Very good question. Actually,let's suppose for sometime that the compiler does this automatically. Now, taking your example :-

double x = 88.0 - 32 * 5 / 9

Now the RHS part of this assignment can be converted into double completely for all tokens(lexemes) in several of ways. I am adding some of them :-

  1. 88.0 - 32 * (double)(5 / 9)
  2. 88.0 - 32 * 5 / 9 // default rule
  3. 88.0 - (double)(32 * 5) / 9
  4. Individually type-casting to double every token which doesn't seem to be a double entity.
  5. Several other ways.

This turns to combinatorial problem like "In how many ways a given expression can be reduced to double(whatever type)?"

But, the compiler designers wouldn't take such a pain in their *** to convert each of the tokens to the desired highest type(double here) considering the exhaustive use of memory. Also it appears like an unnatural rationale behind it doing this way for no reason because users could better perform the operation by manually giving some hints to the compiler that it has to typecast using the way coded by the user.

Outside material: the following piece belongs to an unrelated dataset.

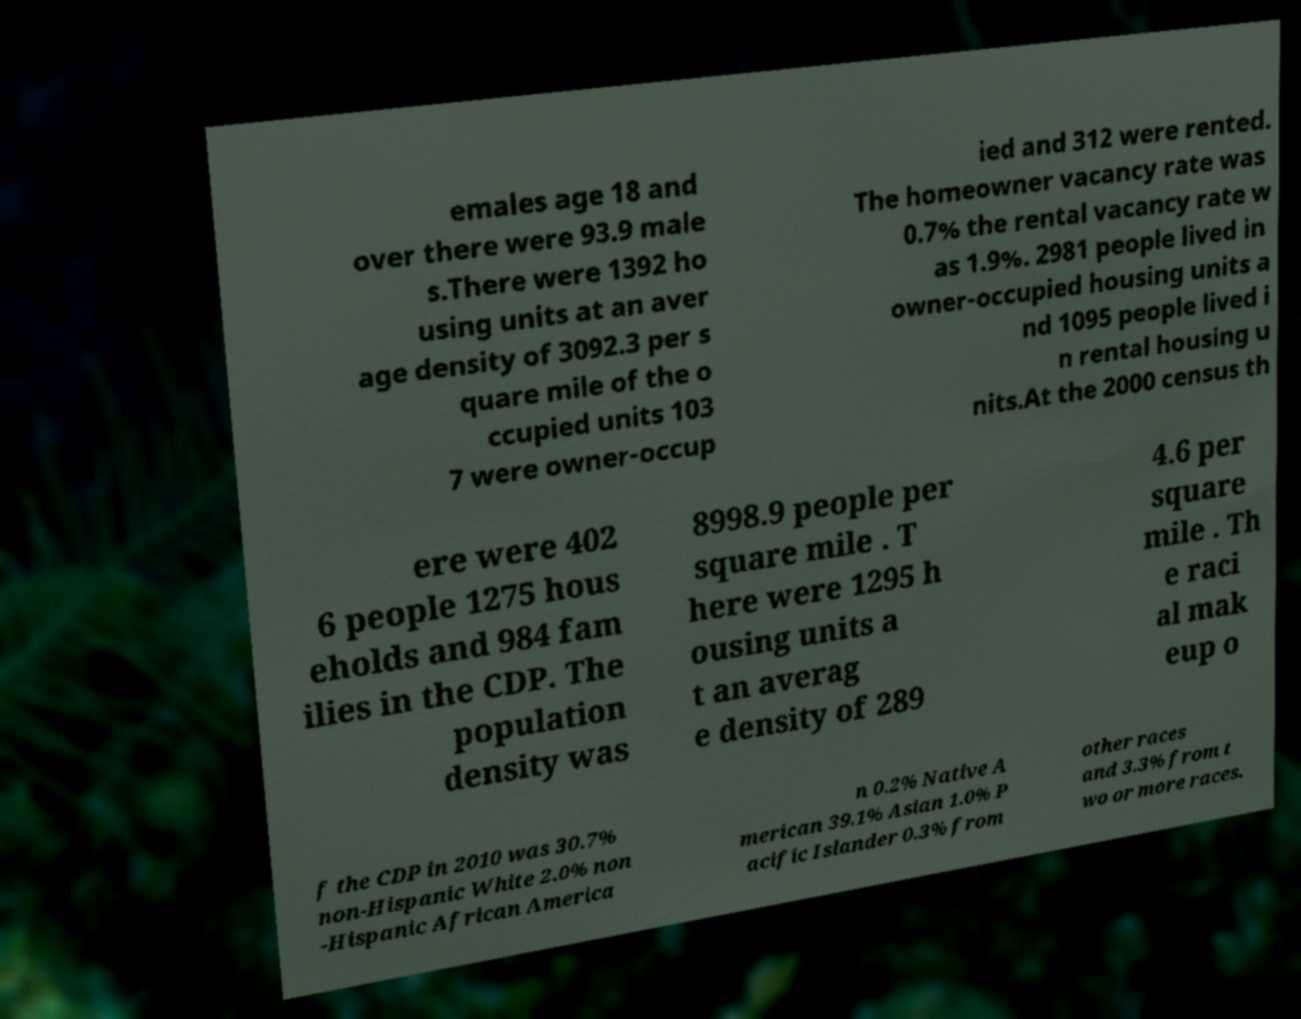Could you assist in decoding the text presented in this image and type it out clearly? emales age 18 and over there were 93.9 male s.There were 1392 ho using units at an aver age density of 3092.3 per s quare mile of the o ccupied units 103 7 were owner-occup ied and 312 were rented. The homeowner vacancy rate was 0.7% the rental vacancy rate w as 1.9%. 2981 people lived in owner-occupied housing units a nd 1095 people lived i n rental housing u nits.At the 2000 census th ere were 402 6 people 1275 hous eholds and 984 fam ilies in the CDP. The population density was 8998.9 people per square mile . T here were 1295 h ousing units a t an averag e density of 289 4.6 per square mile . Th e raci al mak eup o f the CDP in 2010 was 30.7% non-Hispanic White 2.0% non -Hispanic African America n 0.2% Native A merican 39.1% Asian 1.0% P acific Islander 0.3% from other races and 3.3% from t wo or more races.

Being everything automatic conversion is not going to yield you the result always, as sometimes what a user wants may not be achieved with this kind of rationale of automatic type promotion, BUT, the vice-versa of type-promoting will serve in a much better way as is done by the compilers today. Current rule for type-casting is serving all the purposes correctly, though with some extra effort, but, FLAWLESSLY.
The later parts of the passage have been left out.